Listen to the full interview with Dr Tony Cox.
Frequently Asked Questions (FAQ)
What is the difference between a biobank and a biorepository?
Although the terms are often used interchangeably, a biorepository typically refers to the physical facility used for storing biological samples. A biobank, however, represents a broader ecosystem that includes not only storage, but also data management systems, governance structures, ethical oversight, sample processing workflows, and controlled distribution. In pharmaceutical manufacturing, CDMOs generally operate full biobank models rather than simple storage repositories.
How long can biological samples be stored in biobanks?
The storage life of biological samples depends on the sample type, preservation method, and quality controls in place. Under validated cryogenic conditions at -80°C or in liquid nitrogen (-196°C), many samples can retain integrity for decades. DNA samples may remain viable for over 20 years, while properly cryopreserved cells and tissues can be stored indefinitely with routine quality monitoring. However, temperature excursions and repeated freeze-thaw cycles can significantly reduce sample stability.

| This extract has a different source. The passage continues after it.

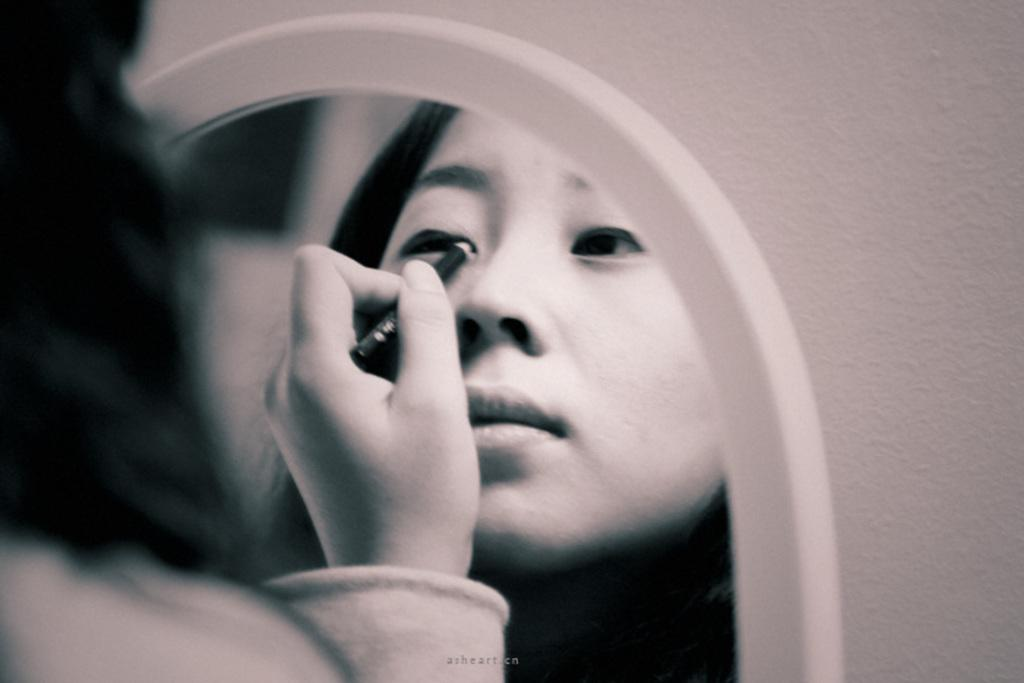Who is the main subject in the image? There is a lady in the image. What is the lady holding in the image? The lady is holding a mirror. What is the lady's reflection doing in the mirror? The lady's reflection in the mirror is holding a pencil near her eye. What type of snow can be seen on the lady's face in the image? There is no snow present on the lady's face in the image.

What regulatory frameworks govern biobanking operations?
Biobanking is regulated by a combination of regional and international frameworks. In the U.S., operations must comply with FDA guidance, CLIA, HIPAA, and state-level biobanking laws. In Europe, GDPR, national legislation, and EU tissue directives apply. Biobanks supporting clinical trials and commercial manufacturing must also follow GCP and GMP standards. International guidelines such as ISO 20387 and ISBER best practices help harmonize quality across jurisdictions.
How do biobanks protect donor privacy and maintain sample anonymity?
Biobanks protect donor privacy through informed consent, coded sample identifiers, and strict access controls. Personal data is separated from sample information using encrypted linkage systems. Many research applications rely on fully de-identified or anonymized samples. Additional safeguards include role-based system access, audit trails, cybersecurity controls, and restricted physical access. CDMOs must comply with major privacy regulations such as GDPR and HIPAA, with ongoing audits and staff training.
What is the role of AI and machine learning in modern biobanking?
AI and machine learning enhance biobanking by automating inventory management, predicting sample degradation, and optimizing storage and retrieval. These tools also analyze complex genomic and clinical datasets to support biomarker discovery, patient stratification, and drug response prediction. AI is increasingly used for predictive maintenance of cryogenic equipment, logistics optimization, and even automated sample quality assessment through computer vision and digital pathology.
How do virtual biobanks differ from traditional physical biobanks?
Virtual biobanks operate as federated digital networks that connect multiple physical biobanking sites through a centralized data platform. Samples remain stored locally, but researchers can search across institutions based on clinical or molecular criteria. This model improves access to diverse sample sets, reduces duplication, and enables large-scale collaboration while allowing institutions to retain control of their collections. For pharmaceutical companies, virtual biobanks expand access to geographically and demographically diverse specimens.